▸ **YOUR OBJECTIVE**: Report every line from the material that contains the word "String".

▸ **RAW DATA**:

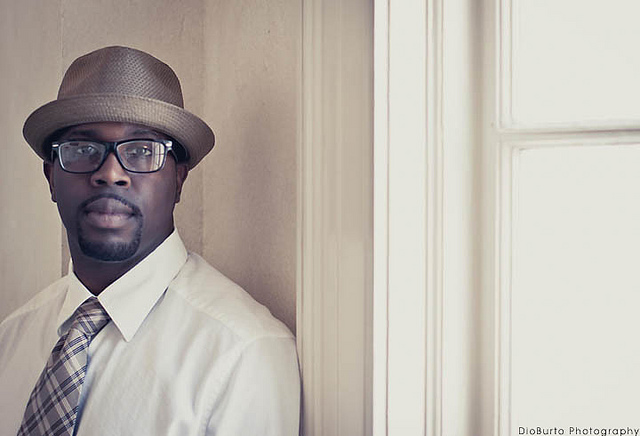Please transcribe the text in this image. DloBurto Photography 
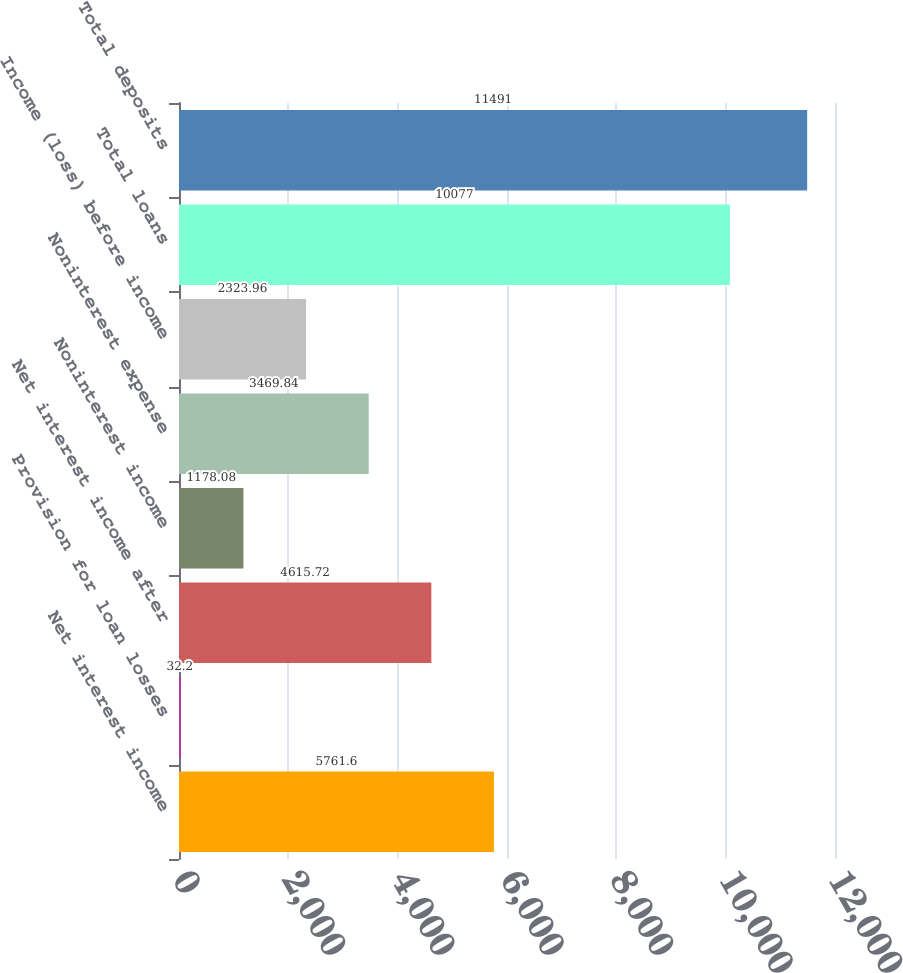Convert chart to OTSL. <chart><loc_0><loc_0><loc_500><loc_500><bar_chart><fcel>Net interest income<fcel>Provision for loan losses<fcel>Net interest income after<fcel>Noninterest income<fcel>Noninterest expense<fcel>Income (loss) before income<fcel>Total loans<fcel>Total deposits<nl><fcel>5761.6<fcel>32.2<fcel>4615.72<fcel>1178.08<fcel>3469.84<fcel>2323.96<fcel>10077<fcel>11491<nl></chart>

* * *

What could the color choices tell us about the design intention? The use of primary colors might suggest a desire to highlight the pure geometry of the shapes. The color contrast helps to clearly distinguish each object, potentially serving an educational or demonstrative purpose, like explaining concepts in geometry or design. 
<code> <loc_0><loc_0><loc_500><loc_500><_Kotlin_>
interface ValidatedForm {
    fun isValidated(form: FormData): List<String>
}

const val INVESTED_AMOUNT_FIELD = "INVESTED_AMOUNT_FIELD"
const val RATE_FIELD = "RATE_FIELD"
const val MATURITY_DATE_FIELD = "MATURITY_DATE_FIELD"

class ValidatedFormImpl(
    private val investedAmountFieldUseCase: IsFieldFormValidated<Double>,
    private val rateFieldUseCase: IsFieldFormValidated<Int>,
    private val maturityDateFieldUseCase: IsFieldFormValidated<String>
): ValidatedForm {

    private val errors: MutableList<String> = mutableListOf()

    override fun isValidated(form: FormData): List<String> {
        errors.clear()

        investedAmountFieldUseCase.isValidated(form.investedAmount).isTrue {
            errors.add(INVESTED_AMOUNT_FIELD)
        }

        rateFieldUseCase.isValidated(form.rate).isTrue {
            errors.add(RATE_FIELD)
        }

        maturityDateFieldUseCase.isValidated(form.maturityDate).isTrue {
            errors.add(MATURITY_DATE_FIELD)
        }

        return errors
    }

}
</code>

▸ **SOLUTION TO THIS TASK**:
    fun isValidated(form: FormData): List<String>
    private val maturityDateFieldUseCase: IsFieldFormValidated<String>
    private val errors: MutableList<String> = mutableListOf()
    override fun isValidated(form: FormData): List<String> {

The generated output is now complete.